:: Your objective ::
Using the listing below, retype only the lines from the line with "Where should I" through the end, both ends included, and exclude the pictures.

:: Data ::
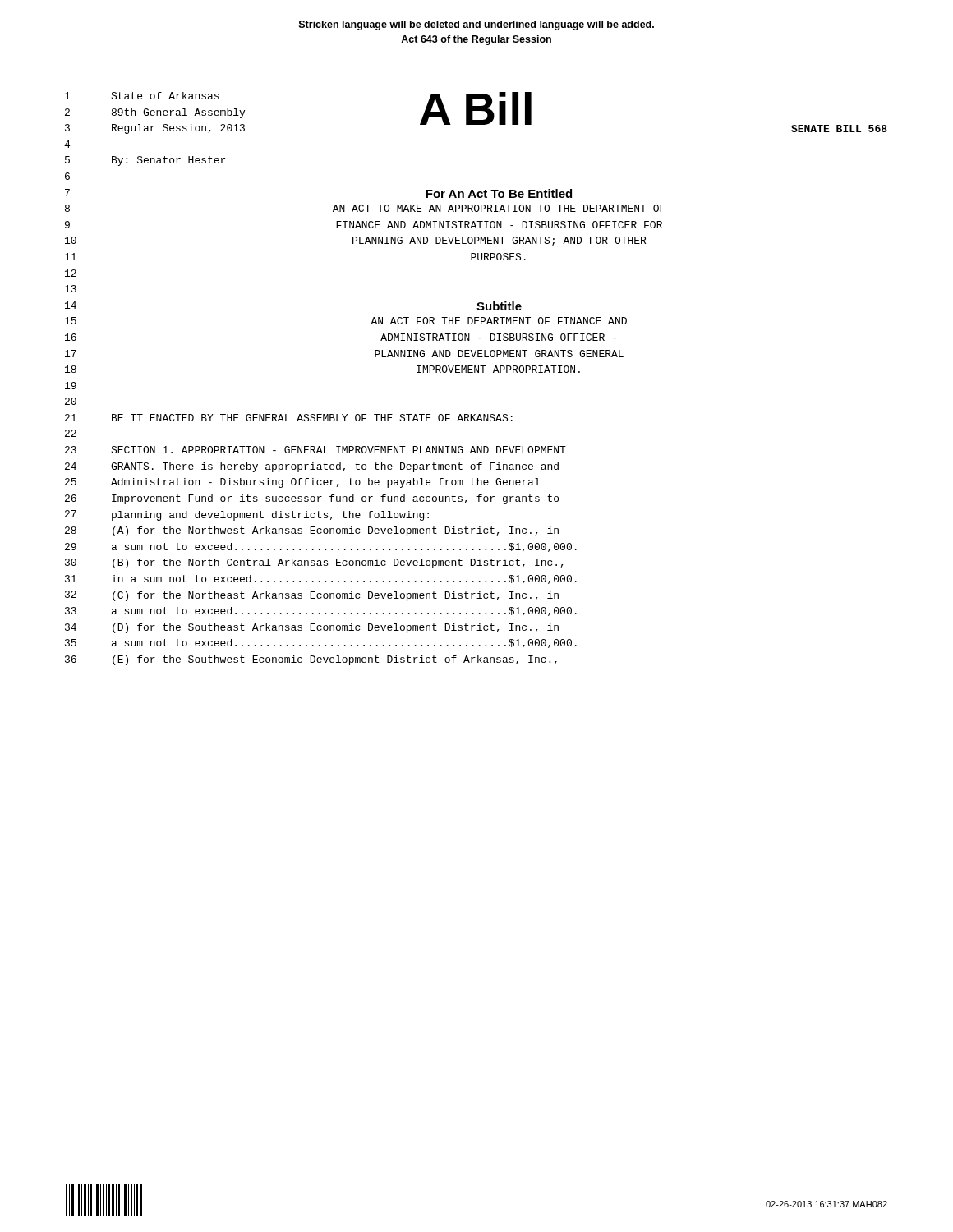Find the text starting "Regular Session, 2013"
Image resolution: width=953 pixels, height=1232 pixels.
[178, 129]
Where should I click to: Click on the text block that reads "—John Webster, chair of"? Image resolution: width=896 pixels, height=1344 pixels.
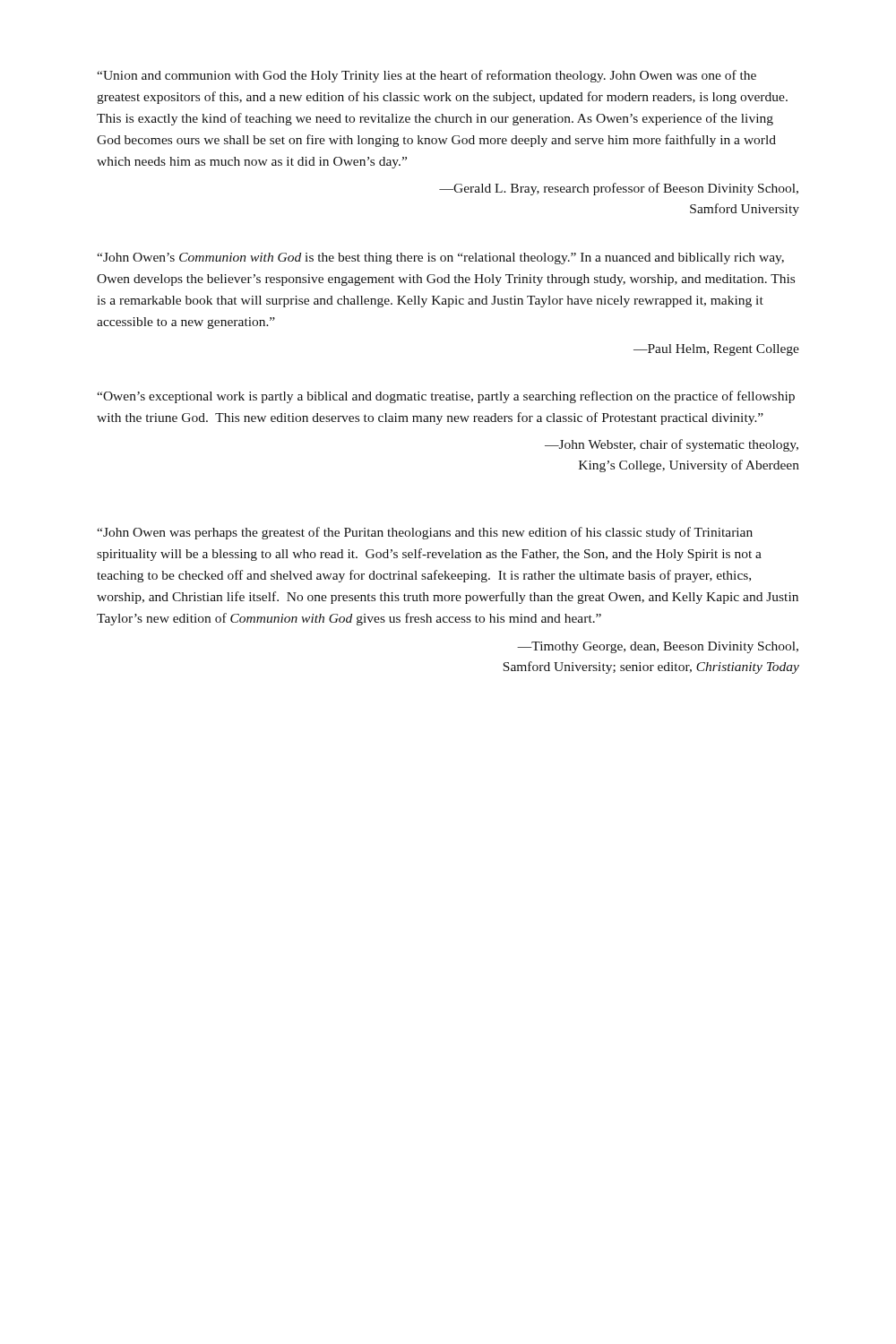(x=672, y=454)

:: Solution for this task ::
Where should I click to: Click on the text block that reads "—John Webster, chair of"? Image resolution: width=896 pixels, height=1344 pixels.
(x=672, y=454)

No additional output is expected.